All of this, in my opinion, indicates Mr Donovan has a need for further sexual offender treatment and drug and alcohol treatment and I believe that such treatment would be preferably given prior to release from prison.  Mr Donovan’s attitude to treatment may be questionable and therefore the gains may also be questionable, but I believe his present level of control over both his sexual impulses an his drug abuse is insufficient to be safely managed in the community.  Overall I am unable to now recommend Mr Donovan’s release into the community on a supervision order as I would see the risks to be too high.”

[10]Exhibit 1, p 14.

  1. Dr Beech, in his report dated 30 March 2011, opined that the respondent had deteriorated within a very short time of release despite a high level of supervision and structure and that had he not been returned to custody he would have come quickly to a state where he would have been at a very high risk of re-offending.[11]

    [11]Exhibit 2, p 12.

  1. Doctors Grant and Beech did not waiver in their opinions in cross-examination.  They both maintained there was a need for the respondent to undergo further programmes and treatment in custody before any release into the community.  I found their evidence highly persuasive.  I accept that evidence.

Conclusion

  1. Whilst the respondent contends only a short period had elapsed between his release on the supervision order and his return to custody, and that appropriate support and treatment in respect of his drug and alcohol dependence and sexual fantasies whilst under an ongoing supervision order would provide adequate protection to the community, I am not satisfied the conditions imposed under a supervision order would provide adequate protection to the community having regard to his behaviour upon release under the supervision order. 

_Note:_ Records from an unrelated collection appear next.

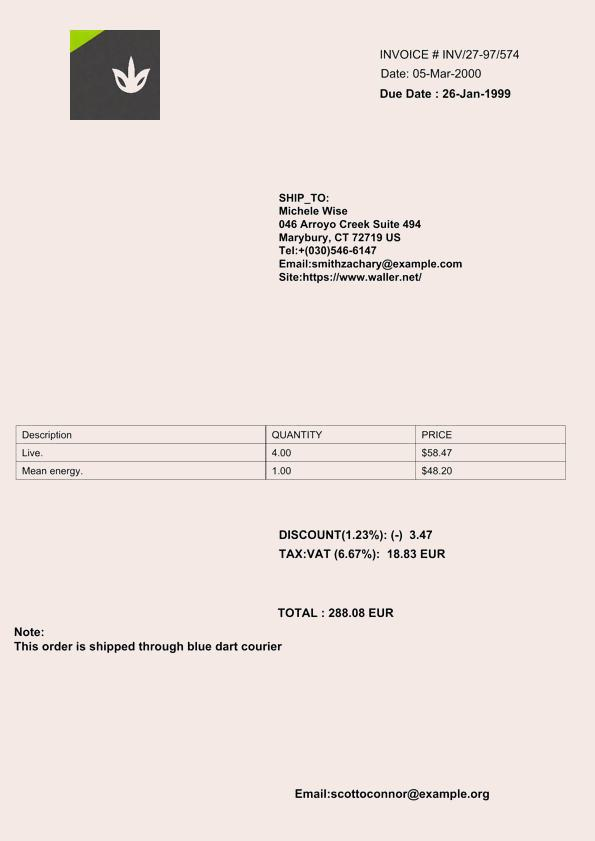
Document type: Invoice
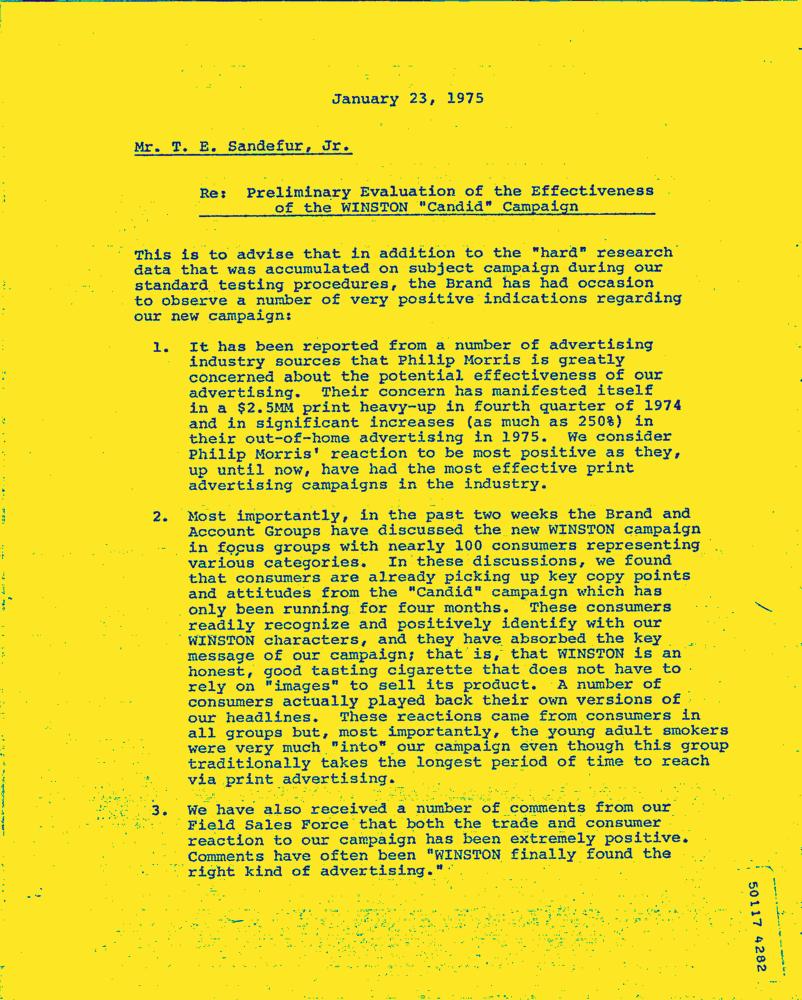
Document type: Letter-Doc
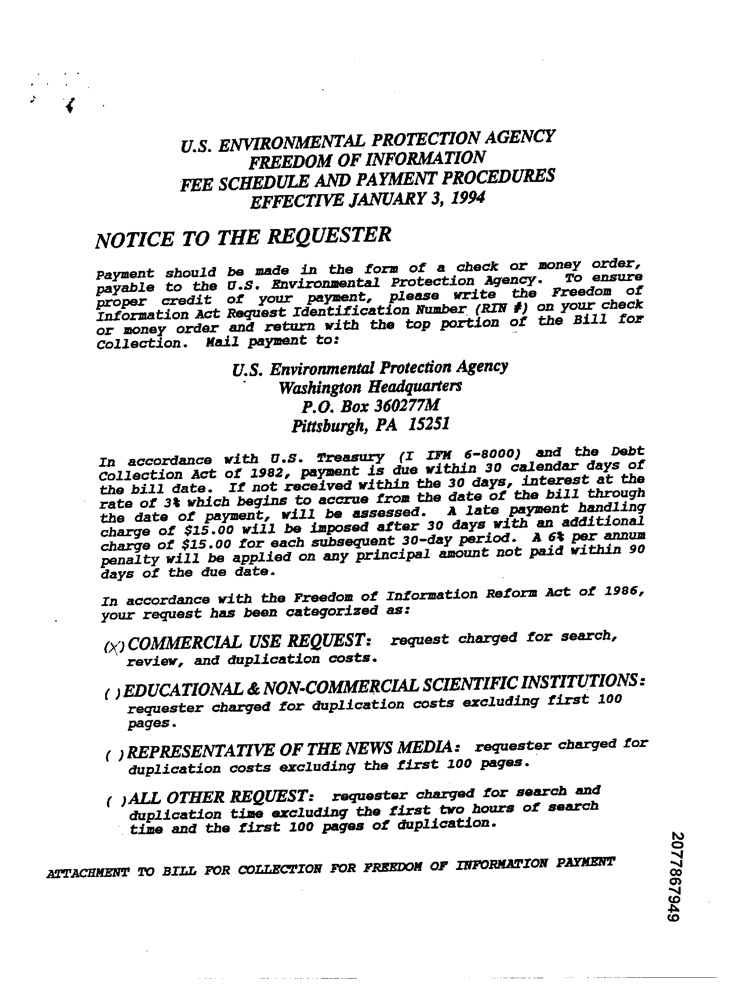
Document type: Invoice
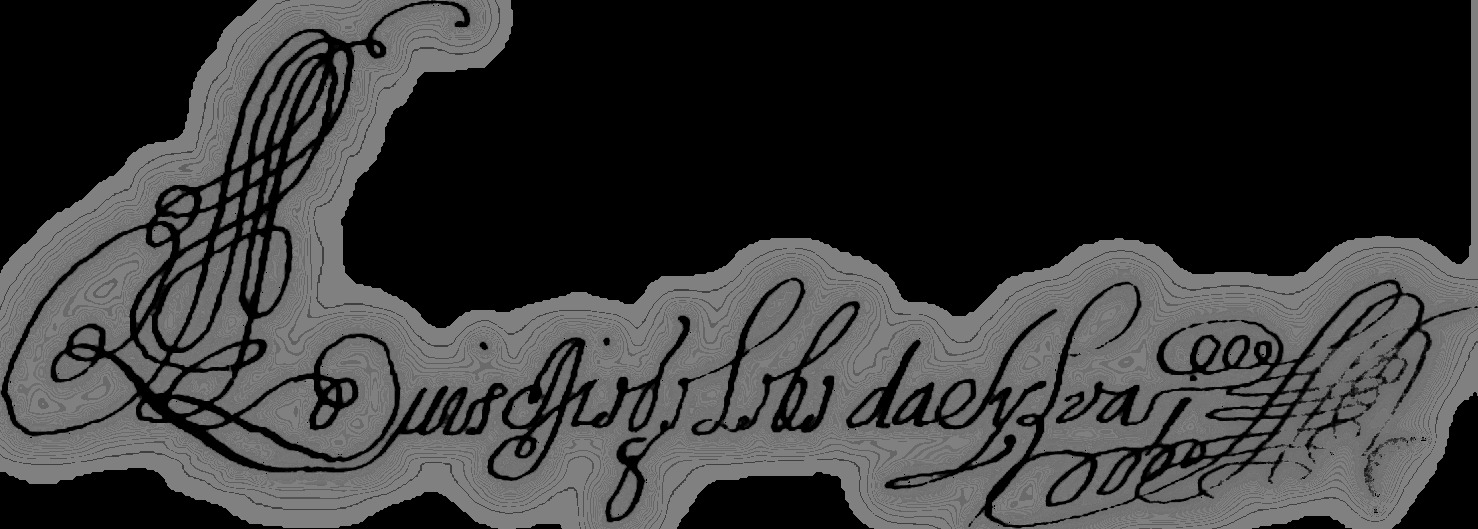
Signature of: luís diogo lobo da silva
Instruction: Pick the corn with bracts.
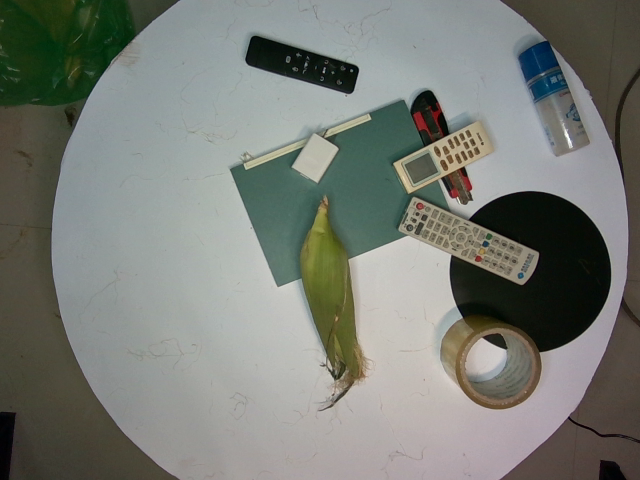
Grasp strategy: vertical
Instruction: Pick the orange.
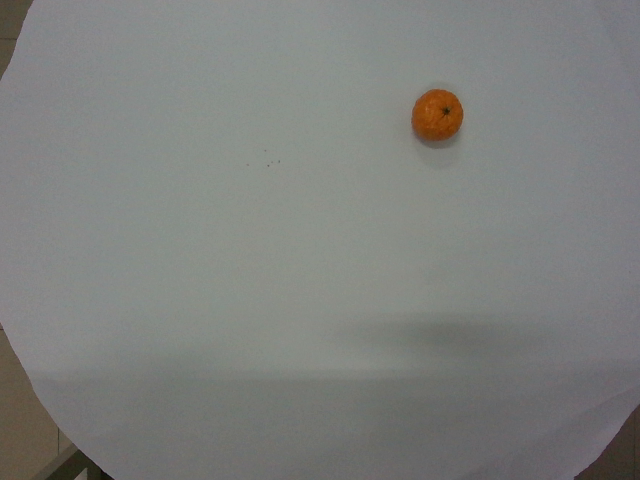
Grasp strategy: vertical
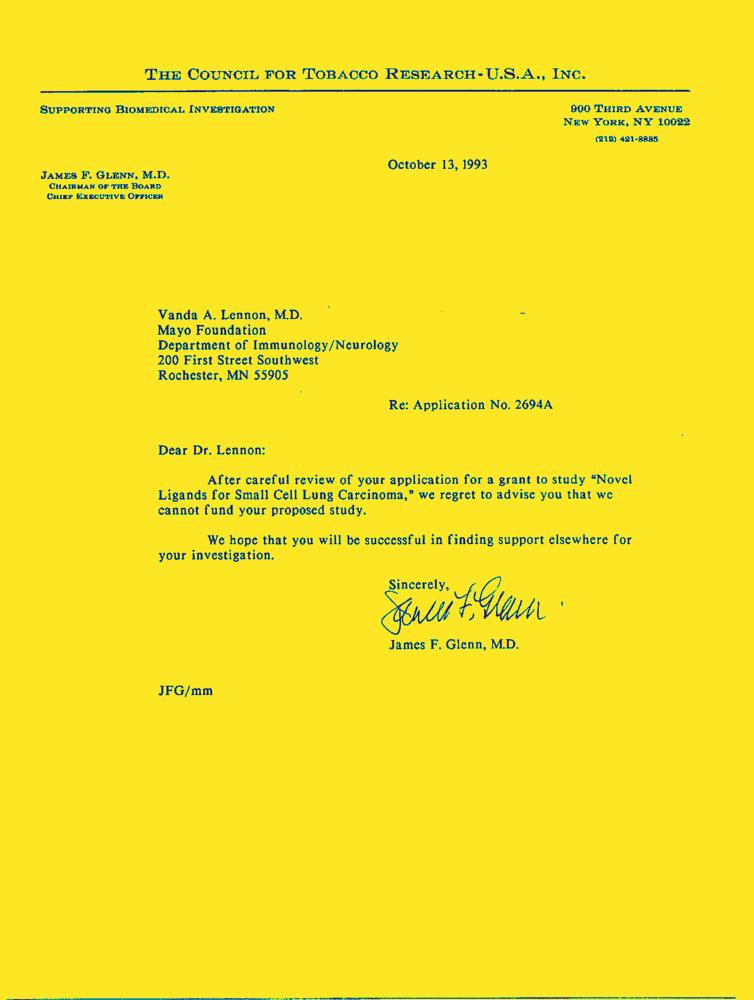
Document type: Letter-Doc

  1. Whilst it is correct that the contraventions did not involve any re-offending on the part of the respondent, and that the existing supervision order effectively contains a 24 hour curfew with a requirement that any leave be escorted leave, the matters referred to by Doctors Grant and Beech, when viewed against the respondent’s past history, render the risk of re-offending too great.  The fact that the additional programmes proposed by Doctors Grant and Beech could be undertaken within the community, does not negate the risk to the community whilst those programmes are being completed. 

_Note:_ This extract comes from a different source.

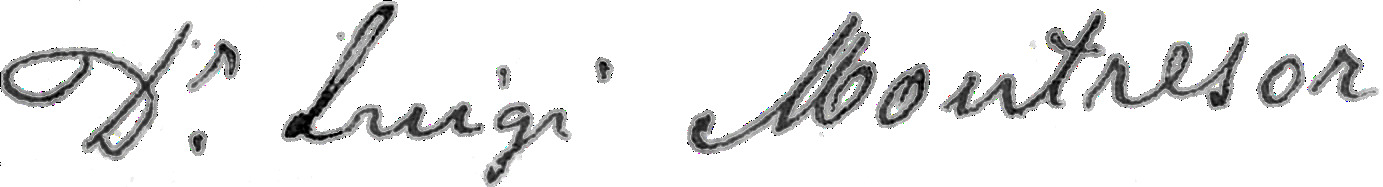
Signature of: luigi montresor
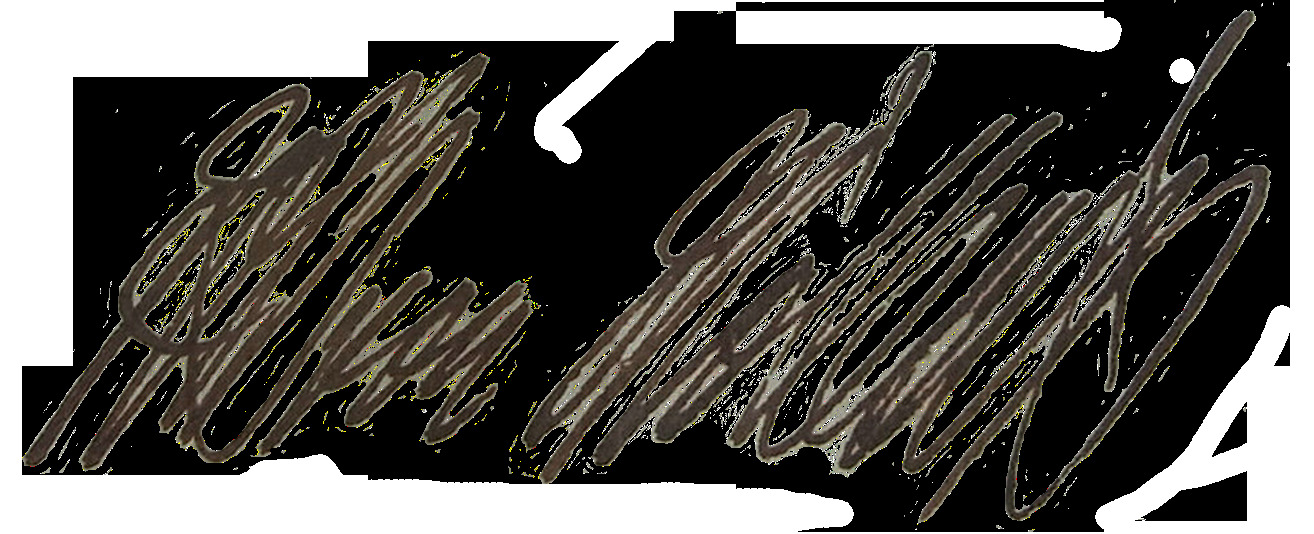
Signature of: wichard joachim heinrich von möllendorf

  1. I am satisfied the respondent presents a high risk of re-offending, both generally and sexually if released on a supervision order.  I am also satisfied the respondent has contravened the supervision order.  The respondent has not satisfied me on the balance of probabilities that the adequate protection of the community can, despite that contravention, be ensured by the existing order or an amended order being made by the Court.

  1. I order:

1.          The supervision order made on 3 August 2010 be revoked;

2.          The respondent be detained in custody for an indefinite term for control, care or treatment.